According to your comments, data will lose if any 2 nodes crash , even there’re 10 nodes in total ?


#4

Yes, for replication factor 2, losing 2 random nodes will result in data loss. The amount of data lost decrease as the cluster size increases. There are replication models used in other systems that decrease the probability of data loss as the cluster size increases but increases the amount of data lost in an event that would result in data loss.

For our replication model, the amount of data lost with 2 node failure and replication factor 2 can be calculated as 2/(n(n-1)) where n is the number of nodes in the cluster.

Hope this helps.


#5

I have additional question: Lets have a cluster with persistent namespace (RAM+HDD) with read-only load. Can data loss happen when node(s) or network fail during migration?


#6

@manana with replication factor 2, if 2 nodes are unable to respond to requests for whatever reason, the data shared by those nodes will not be reachable (2/(n(n-1)).


#7

@kporter, yes, this is absolutely clear… I am asking about scenario, when the whole cluster is being restarted by restarting node by node without waiting to migration. In any time max one node is down, data is read only and persistent on HDD. I’ve heard, that in 6 node r-o cluster with replication factor 3, this cause permanent data loss (part of data wasn’t be reachable even when all nodes was up and migrations were complete).

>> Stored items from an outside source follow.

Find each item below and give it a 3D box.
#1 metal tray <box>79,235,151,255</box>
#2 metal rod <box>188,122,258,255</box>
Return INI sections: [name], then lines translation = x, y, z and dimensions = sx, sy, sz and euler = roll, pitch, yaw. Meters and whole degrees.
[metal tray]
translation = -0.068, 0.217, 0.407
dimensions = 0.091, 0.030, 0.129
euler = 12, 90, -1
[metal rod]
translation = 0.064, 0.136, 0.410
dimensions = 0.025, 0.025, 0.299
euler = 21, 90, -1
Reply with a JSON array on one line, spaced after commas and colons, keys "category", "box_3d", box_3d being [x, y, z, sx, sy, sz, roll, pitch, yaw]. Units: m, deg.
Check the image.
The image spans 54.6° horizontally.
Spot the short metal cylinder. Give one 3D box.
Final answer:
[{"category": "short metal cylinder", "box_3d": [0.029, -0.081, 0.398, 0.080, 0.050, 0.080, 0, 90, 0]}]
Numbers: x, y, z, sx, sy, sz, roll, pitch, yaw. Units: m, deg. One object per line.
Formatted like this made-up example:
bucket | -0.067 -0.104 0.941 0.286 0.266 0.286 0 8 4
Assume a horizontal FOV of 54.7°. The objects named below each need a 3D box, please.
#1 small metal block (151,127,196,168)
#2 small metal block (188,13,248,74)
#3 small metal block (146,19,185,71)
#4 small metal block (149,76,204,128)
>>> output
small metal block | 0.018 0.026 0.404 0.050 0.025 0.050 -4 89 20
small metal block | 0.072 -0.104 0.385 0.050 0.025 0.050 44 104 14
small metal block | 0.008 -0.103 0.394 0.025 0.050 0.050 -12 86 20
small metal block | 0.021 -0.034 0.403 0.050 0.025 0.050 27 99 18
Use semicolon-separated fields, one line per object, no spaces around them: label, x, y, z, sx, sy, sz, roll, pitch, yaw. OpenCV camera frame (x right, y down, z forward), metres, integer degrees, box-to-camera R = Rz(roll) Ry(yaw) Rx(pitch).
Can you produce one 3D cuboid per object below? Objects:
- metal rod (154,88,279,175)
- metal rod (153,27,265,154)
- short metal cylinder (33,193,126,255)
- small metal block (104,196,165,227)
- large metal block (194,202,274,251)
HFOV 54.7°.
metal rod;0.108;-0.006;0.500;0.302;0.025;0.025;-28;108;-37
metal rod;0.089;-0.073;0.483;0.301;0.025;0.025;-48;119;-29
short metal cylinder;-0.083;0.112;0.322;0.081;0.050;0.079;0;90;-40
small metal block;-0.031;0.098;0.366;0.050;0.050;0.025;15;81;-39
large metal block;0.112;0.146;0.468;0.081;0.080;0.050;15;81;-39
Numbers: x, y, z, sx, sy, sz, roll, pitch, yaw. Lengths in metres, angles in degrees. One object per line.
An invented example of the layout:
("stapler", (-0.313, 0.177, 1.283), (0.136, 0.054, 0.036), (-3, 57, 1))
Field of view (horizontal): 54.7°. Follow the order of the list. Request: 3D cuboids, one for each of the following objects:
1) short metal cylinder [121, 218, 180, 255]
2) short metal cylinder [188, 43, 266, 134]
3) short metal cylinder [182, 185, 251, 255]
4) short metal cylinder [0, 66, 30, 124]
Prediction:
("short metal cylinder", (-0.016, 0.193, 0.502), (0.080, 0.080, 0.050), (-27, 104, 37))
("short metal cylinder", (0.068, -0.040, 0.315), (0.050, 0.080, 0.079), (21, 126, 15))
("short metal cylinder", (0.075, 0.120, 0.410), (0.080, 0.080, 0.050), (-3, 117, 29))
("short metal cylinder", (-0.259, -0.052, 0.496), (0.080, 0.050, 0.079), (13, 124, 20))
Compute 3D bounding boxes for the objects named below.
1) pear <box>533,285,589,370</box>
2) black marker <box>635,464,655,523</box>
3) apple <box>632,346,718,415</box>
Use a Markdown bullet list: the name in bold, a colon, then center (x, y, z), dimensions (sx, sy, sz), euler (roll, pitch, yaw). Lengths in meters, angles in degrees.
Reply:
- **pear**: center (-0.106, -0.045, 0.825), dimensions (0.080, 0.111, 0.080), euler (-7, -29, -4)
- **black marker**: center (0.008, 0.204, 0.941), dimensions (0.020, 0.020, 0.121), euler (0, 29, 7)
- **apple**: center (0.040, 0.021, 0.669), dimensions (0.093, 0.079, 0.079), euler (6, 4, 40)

Unfortunately I have no precise details about this issue. I will try to replicate.


#8

Hi guys, I wanted to understand what will happen in a scenario, where I have 3 nodes, with replication factor = 3. Configured cold-start-empty in all sets of all nodes.

The timeline is:

  1. All 3 nodes are up
  2. Taking 2 nodes down, so only 1 remains up.
  3. Starting one of the nodes, so now 2 are up and a migration is ongoing.
  4. Starting the third node before the migration has finished.

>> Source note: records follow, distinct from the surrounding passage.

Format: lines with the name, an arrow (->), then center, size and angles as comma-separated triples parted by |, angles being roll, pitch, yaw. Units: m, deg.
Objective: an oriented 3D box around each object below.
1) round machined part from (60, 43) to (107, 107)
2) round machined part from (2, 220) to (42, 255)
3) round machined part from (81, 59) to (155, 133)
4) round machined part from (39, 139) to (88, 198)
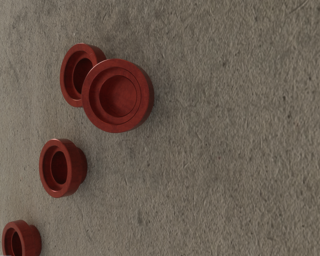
round machined part -> -0.111, -0.080, 0.486 | 0.098, 0.042, 0.097 | 0, 90, 40
round machined part -> -0.274, 0.233, 0.621 | 0.098, 0.042, 0.097 | 0, 90, 40
round machined part -> -0.054, -0.043, 0.424 | 0.098, 0.042, 0.097 | 1, 94, 18
round machined part -> -0.161, 0.066, 0.527 | 0.098, 0.042, 0.097 | 0, 90, 40
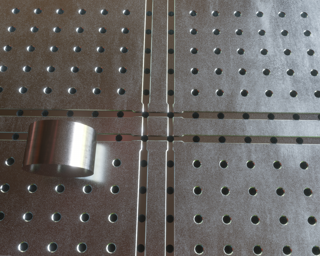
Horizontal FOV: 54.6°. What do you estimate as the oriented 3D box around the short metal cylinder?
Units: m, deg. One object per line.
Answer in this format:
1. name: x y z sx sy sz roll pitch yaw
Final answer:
1. short metal cylinder: -0.118 0.028 0.372 0.080 0.080 0.050 1 70 0
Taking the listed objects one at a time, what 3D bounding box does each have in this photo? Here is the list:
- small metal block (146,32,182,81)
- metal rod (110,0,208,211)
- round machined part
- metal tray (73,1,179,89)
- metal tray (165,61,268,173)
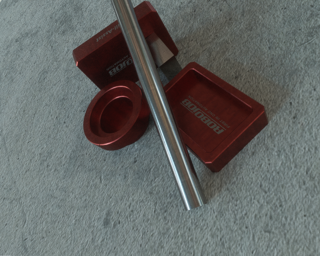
[{"bbox_3d":[0.004,-0.100,0.441,0.025,0.050,0.050,-38,66,5],"label":"small metal block"},{"bbox_3d":[-0.010,-0.051,0.372,0.025,0.025,0.299,-23,75,14],"label":"metal rod"},{"bbox_3d":[-0.054,-0.014,0.425,0.098,0.042,0.098,-16,57,26],"label":"round machined part"},{"bbox_3d":[-0.048,-0.110,0.454,0.130,0.090,0.030,-33,52,7],"label":"metal tray"},{"bbox_3d":[0.053,-0.019,0.385,0.090,0.030,0.130,-44,51,-3],"label":"metal tray"}]
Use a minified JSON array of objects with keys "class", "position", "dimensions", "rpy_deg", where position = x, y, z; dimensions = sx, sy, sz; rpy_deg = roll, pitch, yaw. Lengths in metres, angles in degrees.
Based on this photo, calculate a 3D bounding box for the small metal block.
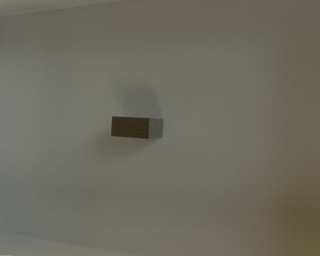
[{"class":"small metal block","position":[-0.028,-0.001,0.403],"dimensions":[0.050,0.050,0.025],"rpy_deg":[3,91,19]}]

Can I experience data loss in this scenario?


#9

And another scenario:

  1. 2 Nodes are up.
  2. Adding a third node - causing migration
  3. During the ongoing migration, Aerospike node number 2 got disconnected from the network, causing the cluster not to see it anymore.

Is there a data loss problem in this scenario?


#10

I would not expect, nor does our tests indicate any issues with this scenario.


#11

I wouldn’t expect data loss from either scenario.


#12

Because of the replication factor?


#13

Yes, with replication factor N, I wouldn’t expect loss until N nodes are lost.